**The problem**.
Which lines run from the one containing "#17 trash bin (372,75,501,243)" to the end of the entries? Quote them exactly, and nothing else.
☆ ☆ ☆ ☆
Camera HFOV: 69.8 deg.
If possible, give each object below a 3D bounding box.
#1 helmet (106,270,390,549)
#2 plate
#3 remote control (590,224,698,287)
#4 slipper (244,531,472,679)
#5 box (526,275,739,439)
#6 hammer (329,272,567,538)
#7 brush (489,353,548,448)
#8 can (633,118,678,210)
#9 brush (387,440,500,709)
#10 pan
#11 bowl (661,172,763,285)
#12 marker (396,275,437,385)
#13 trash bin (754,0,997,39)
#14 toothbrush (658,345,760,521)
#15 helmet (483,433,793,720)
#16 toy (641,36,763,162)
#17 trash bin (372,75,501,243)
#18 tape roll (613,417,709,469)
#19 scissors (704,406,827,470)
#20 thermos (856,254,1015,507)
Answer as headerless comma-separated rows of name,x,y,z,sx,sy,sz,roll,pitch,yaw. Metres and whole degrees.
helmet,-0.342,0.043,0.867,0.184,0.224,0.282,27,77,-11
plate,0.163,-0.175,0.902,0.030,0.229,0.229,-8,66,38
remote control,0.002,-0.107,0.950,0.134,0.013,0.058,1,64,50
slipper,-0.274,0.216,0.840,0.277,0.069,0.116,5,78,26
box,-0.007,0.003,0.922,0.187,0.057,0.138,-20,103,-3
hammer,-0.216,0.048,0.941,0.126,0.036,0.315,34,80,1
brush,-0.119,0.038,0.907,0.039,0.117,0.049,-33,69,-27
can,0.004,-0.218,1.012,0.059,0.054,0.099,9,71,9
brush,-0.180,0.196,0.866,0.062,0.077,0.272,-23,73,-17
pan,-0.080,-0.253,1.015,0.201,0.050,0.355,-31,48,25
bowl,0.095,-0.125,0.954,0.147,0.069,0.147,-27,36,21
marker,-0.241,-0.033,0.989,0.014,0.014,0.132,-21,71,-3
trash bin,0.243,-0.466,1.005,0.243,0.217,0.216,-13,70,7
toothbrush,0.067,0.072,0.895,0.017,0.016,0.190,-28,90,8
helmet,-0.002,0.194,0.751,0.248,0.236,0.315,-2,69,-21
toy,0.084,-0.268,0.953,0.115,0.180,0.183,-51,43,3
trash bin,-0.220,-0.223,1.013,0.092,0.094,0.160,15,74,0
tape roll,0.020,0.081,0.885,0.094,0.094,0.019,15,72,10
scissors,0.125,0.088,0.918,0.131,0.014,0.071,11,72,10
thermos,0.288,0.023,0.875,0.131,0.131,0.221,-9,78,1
☆ ☆ ☆ ☆
**Solution for this problem**.
#17 trash bin (372,75,501,243)
#18 tape roll (613,417,709,469)
#19 scissors (704,406,827,470)
#20 thermos (856,254,1015,507)
Answer as headerless comma-separated rows of name,x,y,z,sx,sy,sz,roll,pitch,yaw. Metres and whole degrees.
helmet,-0.342,0.043,0.867,0.184,0.224,0.282,27,77,-11
plate,0.163,-0.175,0.902,0.030,0.229,0.229,-8,66,38
remote control,0.002,-0.107,0.950,0.134,0.013,0.058,1,64,50
slipper,-0.274,0.216,0.840,0.277,0.069,0.116,5,78,26
box,-0.007,0.003,0.922,0.187,0.057,0.138,-20,103,-3
hammer,-0.216,0.048,0.941,0.126,0.036,0.315,34,80,1
brush,-0.119,0.038,0.907,0.039,0.117,0.049,-33,69,-27
can,0.004,-0.218,1.012,0.059,0.054,0.099,9,71,9
brush,-0.180,0.196,0.866,0.062,0.077,0.272,-23,73,-17
pan,-0.080,-0.253,1.015,0.201,0.050,0.355,-31,48,25
bowl,0.095,-0.125,0.954,0.147,0.069,0.147,-27,36,21
marker,-0.241,-0.033,0.989,0.014,0.014,0.132,-21,71,-3
trash bin,0.243,-0.466,1.005,0.243,0.217,0.216,-13,70,7
toothbrush,0.067,0.072,0.895,0.017,0.016,0.190,-28,90,8
helmet,-0.002,0.194,0.751,0.248,0.236,0.315,-2,69,-21
toy,0.084,-0.268,0.953,0.115,0.180,0.183,-51,43,3
trash bin,-0.220,-0.223,1.013,0.092,0.094,0.160,15,74,0
tape roll,0.020,0.081,0.885,0.094,0.094,0.019,15,72,10
scissors,0.125,0.088,0.918,0.131,0.014,0.071,11,72,10
thermos,0.288,0.023,0.875,0.131,0.131,0.221,-9,78,1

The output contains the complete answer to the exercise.